In the run-up to 2022 (Goa’s legislative assembly elections are due in three months), O Heraldo has gone a step further, lobbying on behalf of parties to poach known political faces and strong candidates. After the Rahul Gandhi snub, media lobbyists set about finding a chief ministerial face for AAP. Arvind Kejriwal’s party had contested the 2017 election as well, but drew a blank, losing its deposit in all but one seat.
Since TMC’s arrival, the Herald group had been directly in touch with Congress members, urging them to cross over to the West Bengal party. O Heraldo’s consulting editor Sujoy Gupta has been “talking to some people”, Fernandes admitted, but these were mostly “artists and sports people” and not politically involved, he claimed. Over the years, Gupta’s journalism has lurched from pro-mining to anti-mining, from pro-BJP to anti-BJP or anti-Congress depending on which media house uses him.

Big face, limited reach
As far as optics went, Faleiro’s exit dealt a body blow to the Congress, causing a media splash TMC and Kishor celebrated. Till recently the chairman of the Congress’s Goa election co-ordination committee and the AICC’s in charge of north-eastern states in 2007, Faleiro’s loyalty to the Gandhis had catapulted him to the chief ministerial chair twice. Yet unlike Parrikar, his reach within Goa remained limited to his South Goa constituency of Navelim, where he was elected seven times.
Even here, his political stock was on the slide, says lawyer and columnist Cleofato Coutinho. “He was facing strong anti-incumbency in the constituency. There were complaints he’d become inaccessible to voters.” The Congress’s ground survey said as much, the party’s desk-in-charge Dinesh Gundu Rao told journalists, calling Faleiro’s TMC move his “retirement plan”.
Like Sushmita Deb who defected from the Congress to TMC and was rewarded with a Rajya Sabha seat by Banerjee, Faleiro has likely angled for one. His chances of venturing into the electoral contest as the TMC’s Goa face are dim at best.
So far, the Congress has managed to stave off more blood-letting, winning back its popular MLA, Aleixo Reginaldo Lourenco, who was set for a switch to AAP. That chapter is now closed, Lourenco said, after a rushed meeting with Rahul.
In Goa, both AAP’s and TMC’s pan-India expansionist ambitions can only come at the expense of the Congress and a disruption of the secular vote.

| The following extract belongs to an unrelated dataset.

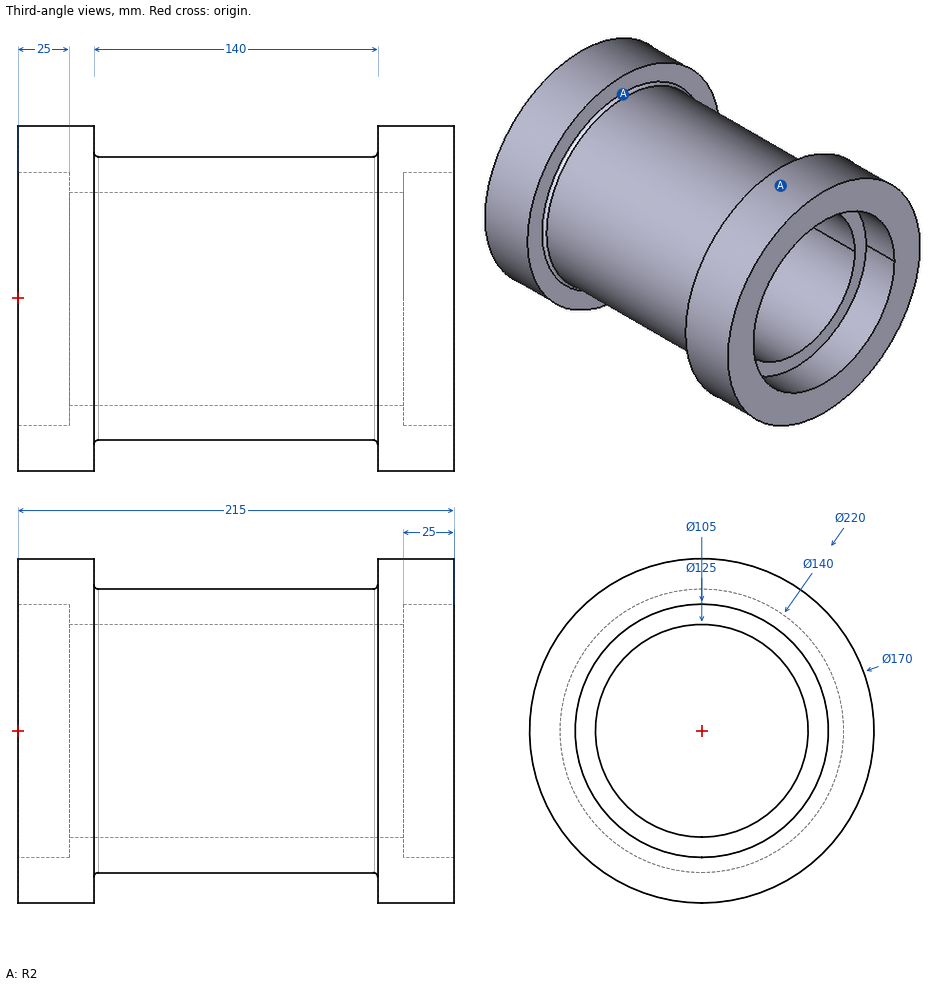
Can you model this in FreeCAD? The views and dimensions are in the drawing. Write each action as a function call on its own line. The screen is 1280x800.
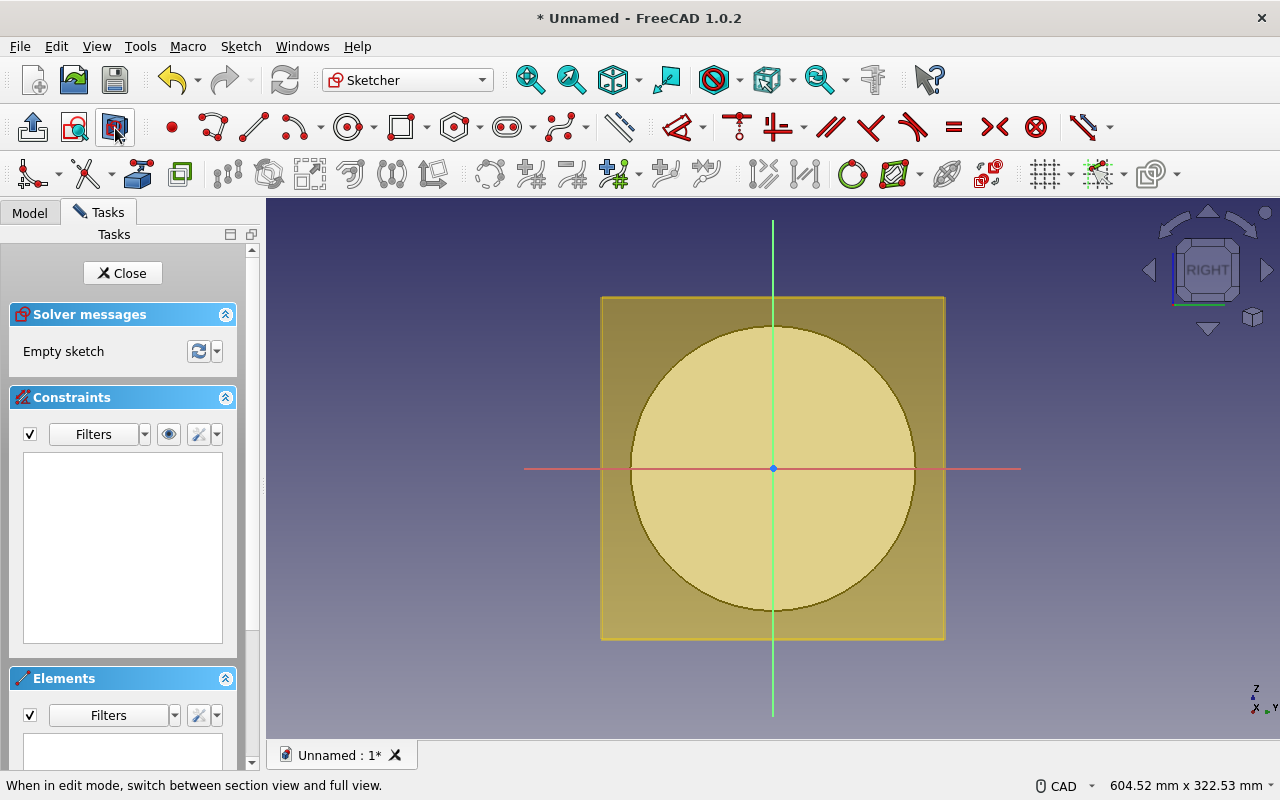
scroll(912, 469, up, 2)

Neither can claim even a nibbling presence in BJP-held constituencies, which led Goa chief minister Pramod Sawant to gleefully say he more than welcomed the current “political tourism” that has washed up in Goa.
In 2017, the Congress had emerged as the single-largest party with 17 seats (in a house of 40) and 28.4% of the vote. The BJP with 32.5% of the vote had slumped to 13 seats, yet managed to hijack the mandate and grab power. Over the term, the saffron party consolidated power with more defections and imports from both the Congress and Maharashtrawadi Gomantak Party.

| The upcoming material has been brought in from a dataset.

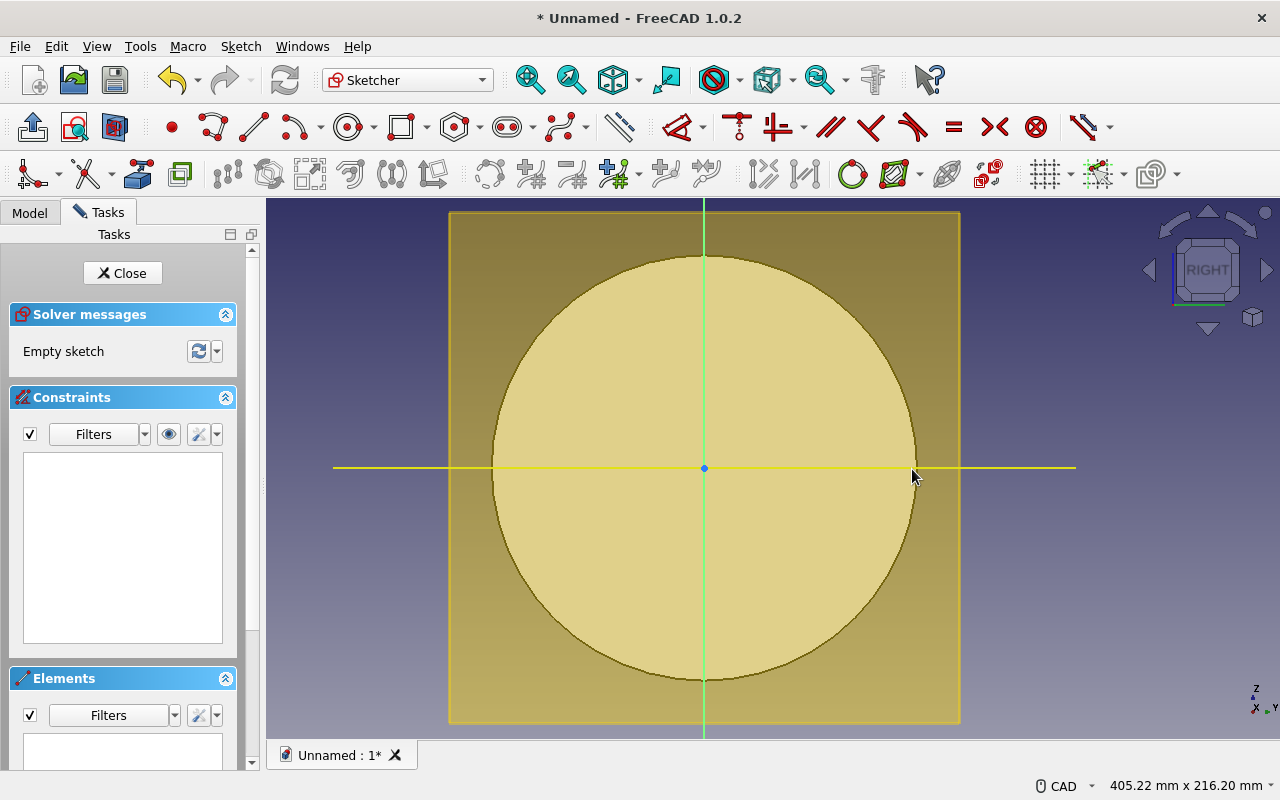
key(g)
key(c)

On the downturn for its in-your-face corruption over crumbling infrastructure, poor handling of COVID-19 and oxygen shortage deaths, its attempts to ram down three environmentally damaging linear projects through protected forests, its inability to restart mining, and the ruthless filching of MLAs, the BJP would need more than money muscle and a well-oiled election machine to return to power on its own in Goa. It has recently made overtures to its one-time ally, MGP, the very party it reduced to one MLA with its steals. Talks are currently on and will no doubt get a boost with Amit Shah currently on a two-day visit to Goa.
On Thursday, six leaders of the AAP in Goa reportedly switched over the Congress. Much will depend too on how Congress plays its cards here on. The party has shut its doors to defectors but kept a studied silence on alliances, leaving both the Nationalist Congress Party and Goa Forward Party guessing.